Calculating Percentiles of T-Distribution Using Gaussian Integration Method ^†

Abstract

Statistical inference is used to estimate population parameters based on sample information and to quantify the sampling error based on the probability narrative. The population mean is inferred by its sample mean, but when using sample variance, the population variance is needed. In the quantitative analysis of the sampling error, the t-distribution is used. To determine the percentiles of the t-distribution, the cumulative probability density function is necessary. However, the analytic expression does not exist for the cumulative probability density function of the t-distribution. Its values are obtained using numerical integration. However, the percentiles of the t-distribution are not listed for degrees of freedom over 30, while only listed for every 10 data points in probability theory or mathematical statistics. This is inconvenient for research. Therefore, the cumulative probability density function of t-distribution was calculated using the Gaussian integration method in this study. The results show that the percentiles of the t-distribution are accurately estimated using the algorithm developed in this study.

1. Introduction

The census is conducted to measure or examine the statistics of a population. Sampling is performed to measure or examine members of a population. As the census is costly and time-consuming, sampling errors are critical, and artificial errors occur due to personnel fatigue. Therefore, the census is not more efficient than sampling.

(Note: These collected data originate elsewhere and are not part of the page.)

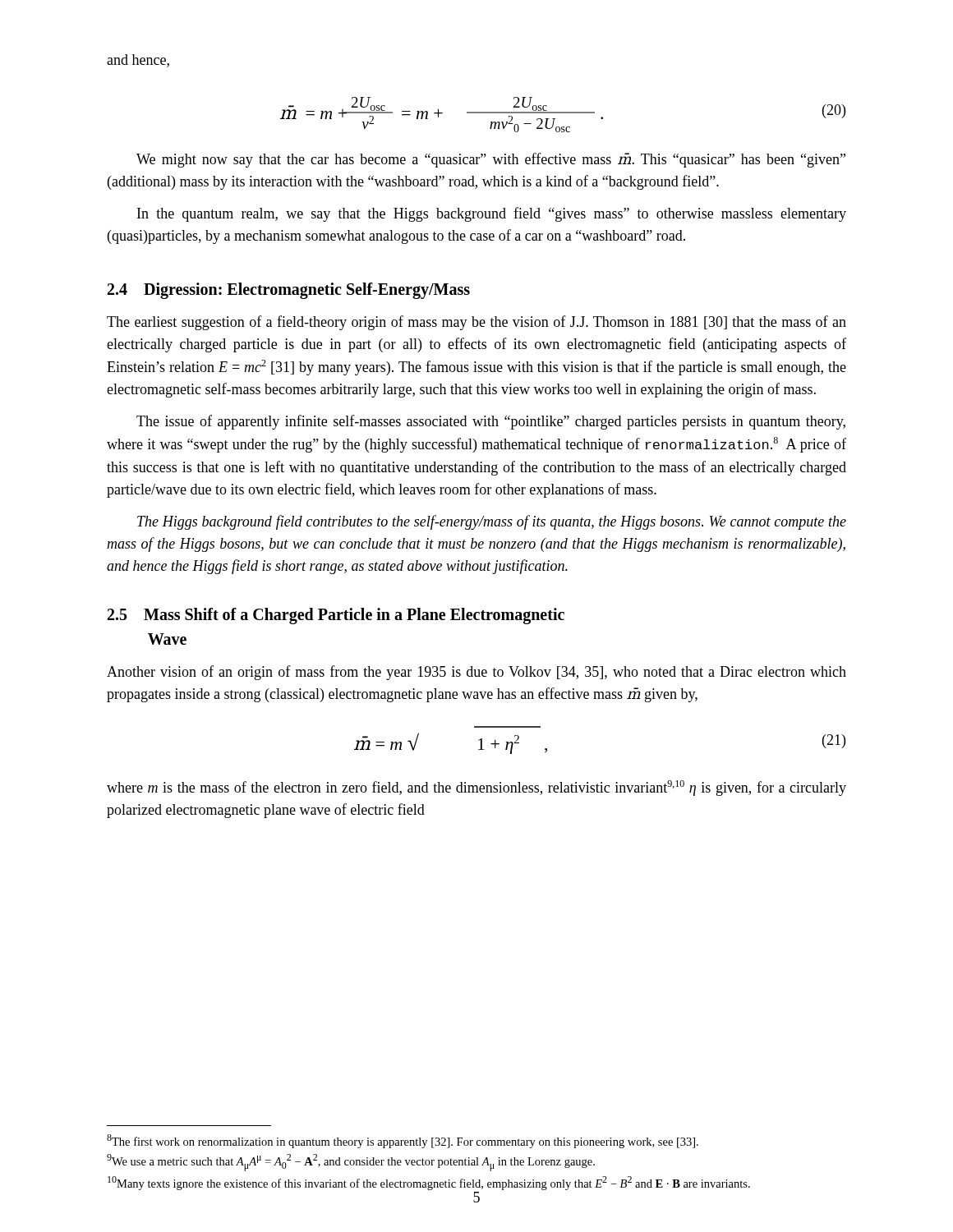Where does it say "2.4 Digression: Electromagnetic Self-Energy/Mass"?
This screenshot has width=953, height=1232.
288,289
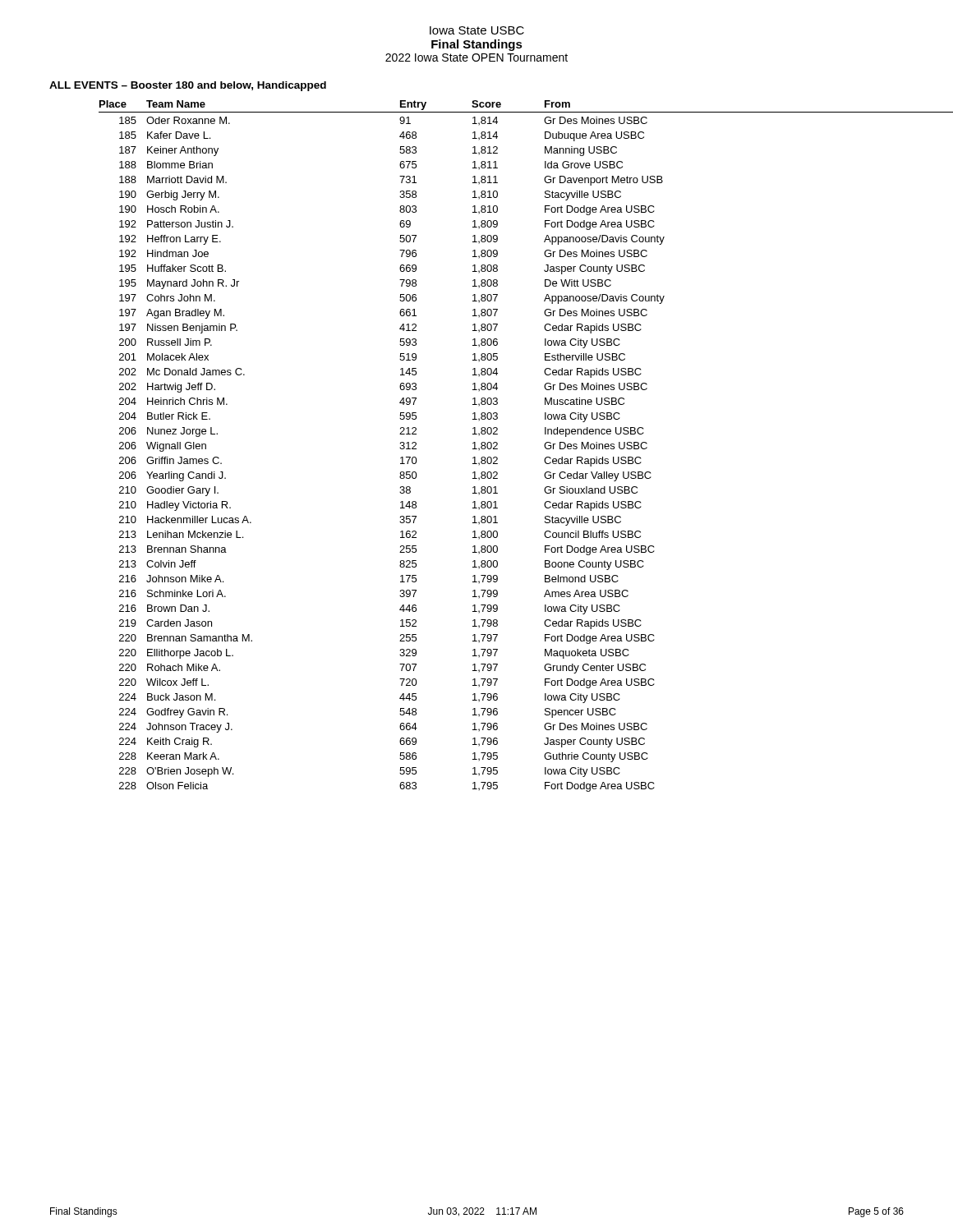953x1232 pixels.
Task: Locate the section header
Action: [188, 85]

The t-distribution is used in the quantitative analysis of sampling errors. To determine the percentiles of the t-distribution, its cumulative probability density function is used [1,2,3]. The function is derived by numerical integration. The Gaussian integration method is adopted in this study to integrate the probability density function of the t-distribution [4,5]. The integrand is fitted through the power series by the Gaussian integration method. If the step size is small enough and does not lead to the truncating error, accurate numerical integration is anticipated. The results of this study show that a high accuracy of percentiles of the t-distribution can be obtained using the algorithm developed in this article.

2. Gaussian Integration Method

Using the Gaussian integration method, +1 and −1 are taken as the upper and the lower limit, respectively. The integration result is obtained by summing specific integrand function values by multiplying the corresponding weights. These specific points are called Gaussian points [4,5].

$$I={\int }_{-1}^{+1}f\left(\lambda \right)d\lambda =\sum _{i=1}^m{w}_{i}f\left({\lambda }_i\right)$$

(1)

For example, the two-point formula (m = 2 in (1)) is analyzed as follows.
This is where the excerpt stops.